Weather reports about the net are consistant up to Sunday, they predict Sunny, a little cloudy conditions with temperatures in mid to high 20's. For Sunday, some are predicting showers, some are not but as the weekend draws closer we will know! Personally I hope if it is wet, then just changeable conditions rather than full wet. (since Button is a more changeable guy than full wet, plus im scared of Vettel in the wet ;).... and Glock!)

Either way, dry, wet or monsoon I predict a major Lewis domination all weekend. Pole, fastest lap and win, by a long long long way. I think in qualifying where the KERS advantage will be most evident we could see Brawn/RedBull maybe running light to ensure decent starting posistion. In a race where RedBull should have come away with at least a double podium they failed, this weekend Brawn are the ones expected to perform but can they beat the KERS of Mclaren, Ferrari, and Renault? No way to know yet! I think the other question which we all want to know is, how quick will BMW and Force India be?
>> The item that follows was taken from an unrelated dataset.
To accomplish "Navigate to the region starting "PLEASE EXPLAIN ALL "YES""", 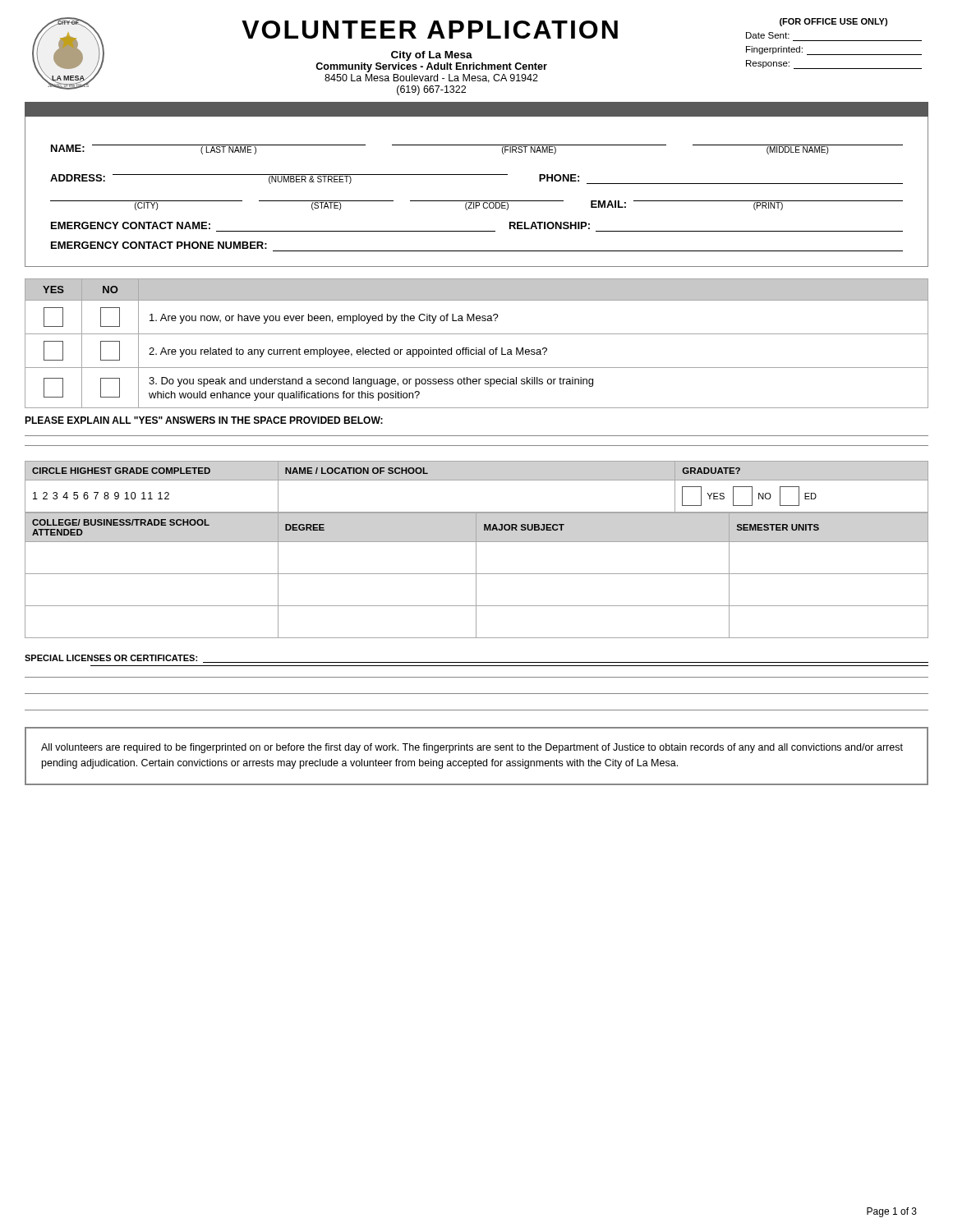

Anyway, after a classic last weekend, we at least have a good track to provide good racing once again. Doubt the result will be as supprising but Monza + the most competitve grid since, well ever = a whole lot of fun/overtaking?
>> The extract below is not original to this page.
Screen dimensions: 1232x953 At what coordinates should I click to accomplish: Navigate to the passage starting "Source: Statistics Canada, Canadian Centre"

If its not a Button/Rubens win, I hope for either Lewis or Giancarlo. Anything else will disapoint me ;)!

edit -



Look pretty mean!






"Trulli was slowing down like he wanted to have a picnic" LOL



Edited 5 time(s). Last edit at 09/23/2009 01:18PM by mortal.
Re: Monza thread
Date: September 08, 2009 09:10PM
Posted by: gav
For the first corner, fair enough. No problem, it's a routine, relatively boring slow corner.

The 2nd chicane was fantastic though! Cars leaping through the air, crashing down again. It was one of the best chicanes still in F1.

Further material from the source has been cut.